## Non-linear Least Squares Fitting (2-dimensional) in Python

Question

I was wondering what the correct approach to fitting datapoints to a non-linear function should be in python.

I am trying to fit a series of data-points

``````t = [0., 0.5, 1., 1.5, ...., 4.]
y = [6.3, 4.5,.................]
``````

using the following model function

``````f(t, x) = x1*e^(x2*t)
``````

I was mainly wondering which library routine is appropriate for this problem and how it should be setup. I tried using the following with unsuccessful results:

``````t_data = np.array([0.5, 1.0, 1.5, 2.0,........])
y_data = np.array([6.8, 3., 1.5, 0.75........])

def func_nl_lsq(x, t, y):
return [x[0]*np.exp(x[1]*t)] -  y

popt, pcov = scipy.optimize.curve_fit(func_nl_lsq, t_data, y_data)
``````

I know it's unsuccessful because I am able to solve the "equivalent" linear least squares problem (simply obtained by taking the log of the model function) and its answer doesn't even come close to the one I am getting by doing the above.

Thank you

Show source

## Answers to Non-linear Least Squares Fitting (2-dimensional) in Python ( 3 )

1. `scipy.otimize.curve_fit` can be used to fit the data. I think you just don't use it properly. I assume you have a given `t` and `y` and try to fit a function of the form `x1*exp(x2*t) = y`.

You need

``````ydata = f(xdata, *params) + eps
``````

This means your function is not defined properly. Your function should look like probably look like

``````def func_nl_lsq(t, x1, x2):
return x1*np.exp(x2*t)
``````

depending what you really want to fit. Here x1 and x2 are your fitting parameter. It is also possible to do

``````def func_nl_lsq(t, x):
return x[0]*np.exp(x[1]*t)
``````

but you likely need to provide an initial guess p0.

2. If you are using `curve_fit` you can simplify it quite a bit, with no need to compute the error inside your function:

``````from scipy.optimize import curve_fit
import numpy as np
import matplotlib.pyplot as plt

t_data = np.array([0.5, 1.0, 1.5, 2.0, 2.5, 3.])
y_data = np.array([6.8, 3., 1.5, 0.75, 0.25, 0.1])
def func_nl_lsq(t, *args):
a, b = args
return a*np.exp(b*t)
popt, pcov = curve_fit(func_nl_lsq, t_data, y_data, p0=[1, 1])
plt.plot(t_data, y_data, 'o')
plt.plot(t_data, func_nl_lsq(t_data, *popt), '-')
plt.show()
``````

## EDIT

Note I'm using a general signature that accepts `*args`. In order for this to work you must pass `p0` to `curve_fit`.

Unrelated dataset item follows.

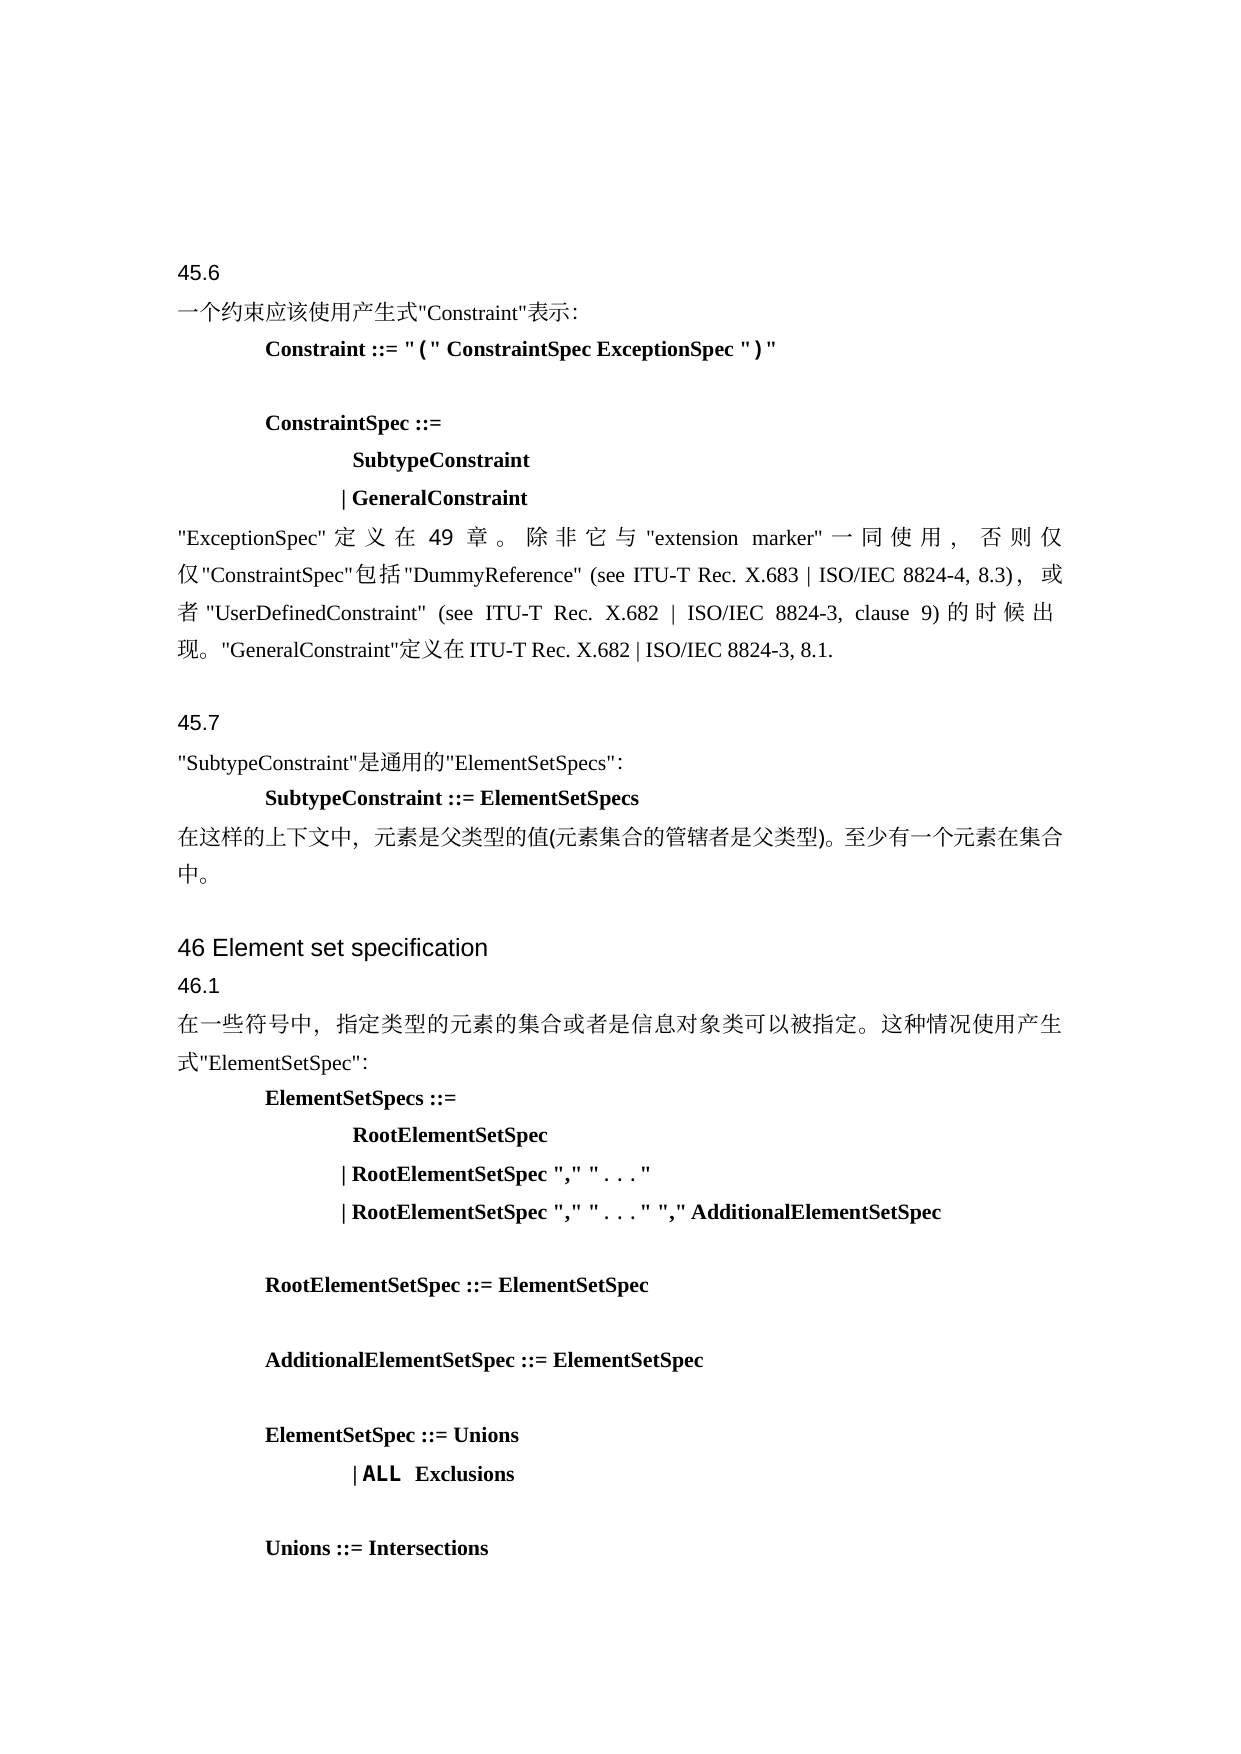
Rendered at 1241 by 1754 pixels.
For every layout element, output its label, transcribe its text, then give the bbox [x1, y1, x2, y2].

The conventional approach is shown below:

``````def func_nl_lsq(t, a, b):
return a*np.exp(b*t)
popt, pcov = curve_fit(func_nl_lsq, t_data, y_data)
a, b = popt
plt.plot(t_data, func_nl_lsq(t_data, a, b), '-')
``````

3. First, you are using the wrong function. Your function `func_nl_lsq` calculates the residual, it is not the model function. To use `scipy.otimize.curve_fit`, you have to define model function, as answers by @DerWeh and @saullo_castro suggest. You still can use custom residual function as you like with `scipy.optimize.least_squares` instead of `scipy.optimize.curve_fit`.

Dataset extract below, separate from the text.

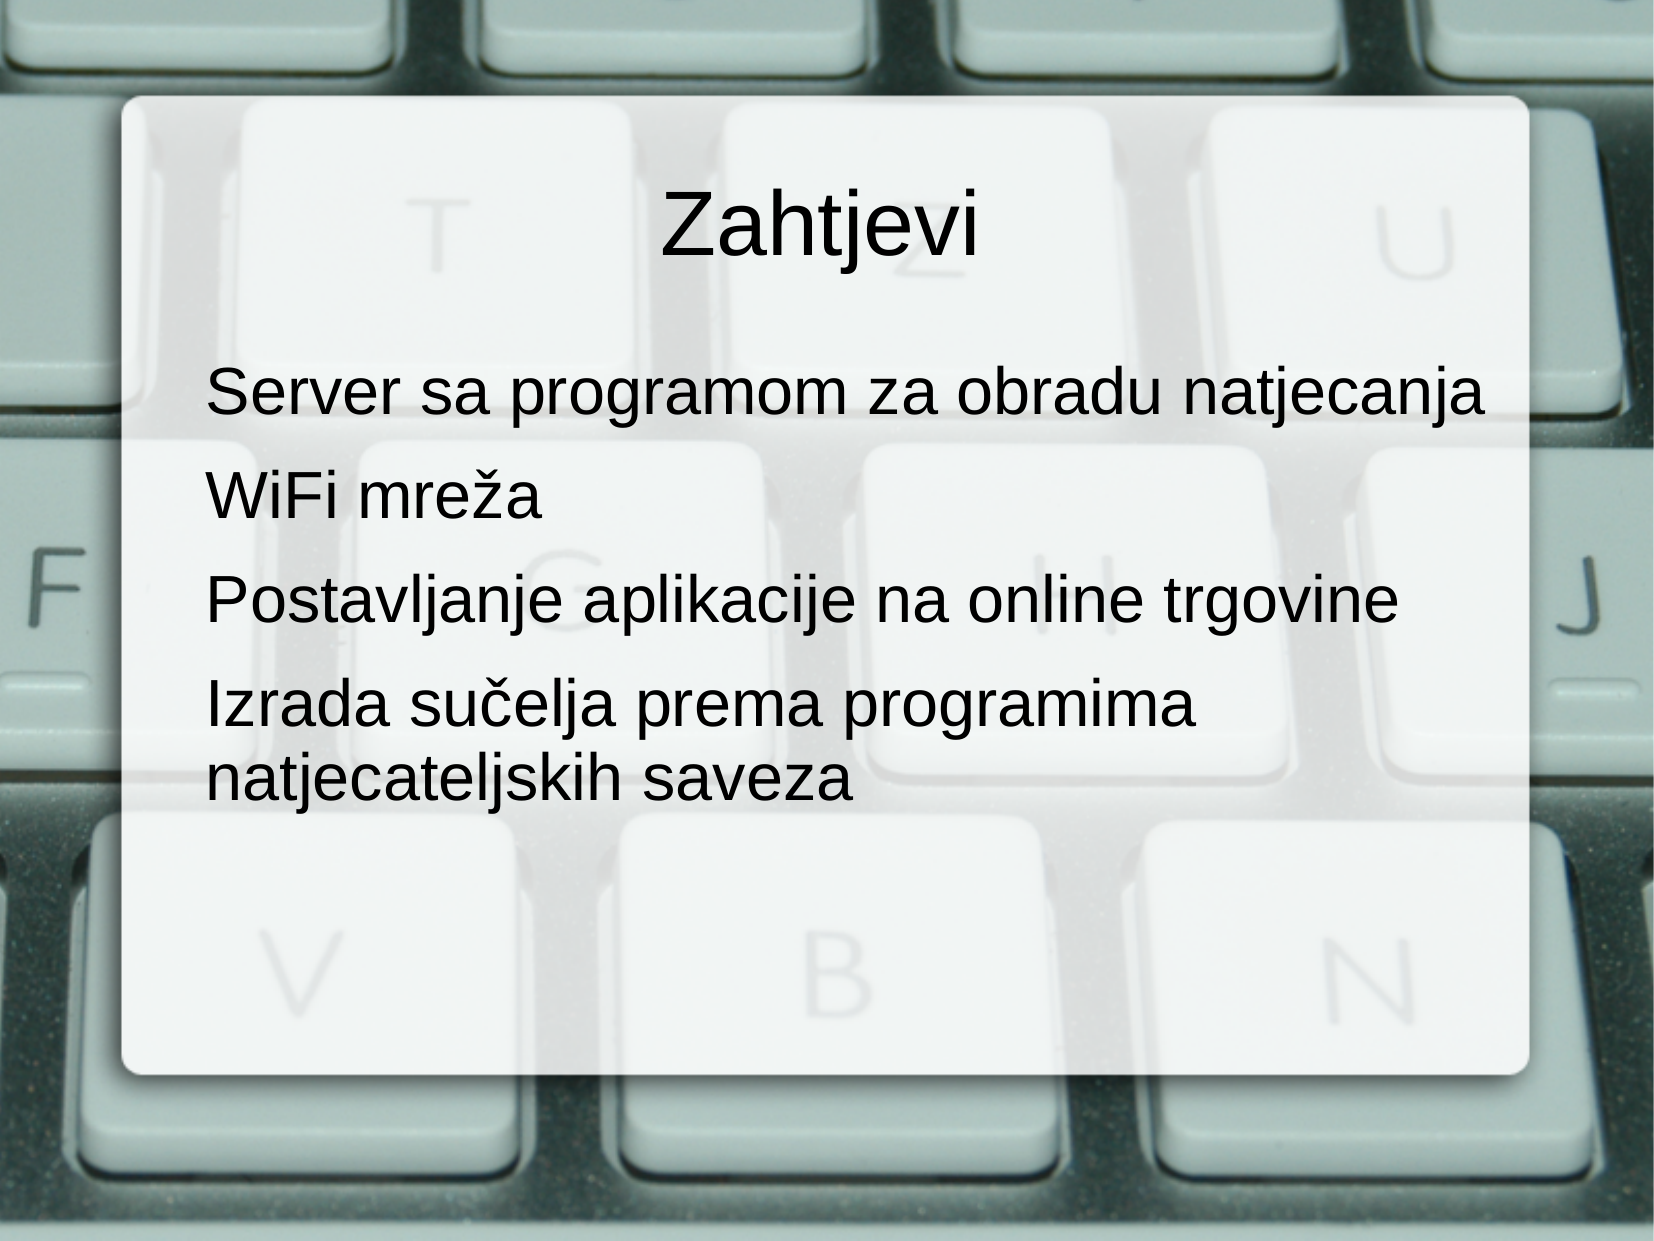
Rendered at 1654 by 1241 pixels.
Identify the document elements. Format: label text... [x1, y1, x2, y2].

picture [0, 0, 1654, 1241]
title Zahtjevi [135, 117, 1506, 325]
list Server sa programom za obradu natjecanja WiFi mreža Postavljanje aplikacije na online trgovine Izrada sučelja prema programima natjecateljskih saveza [134, 350, 1516, 1133]

``````t_data = np.array([0.5, 1.0, 1.5, 2.0])
y_data = np.array([6.8, 3., 1.5, 0.75])

def func_nl_lsq(x, t=t_data, y=y_data):
return x[0]*np.exp(x[1]*t) -  y
# removed one level of []'s

scipy.optimize.least_squares(func_nl_lsq, [0, 0])
``````

Also, please note, that the remark by @MadPhysicist is correct: the two problems you are considering (the initial problem and the problem where model function is under logarithm) are not equivalent to each other. Note that if you apply logarithm to your model function, you apply it also to the residuals, and residual sum of squares now means something different. This lead to different optimization problem and different results.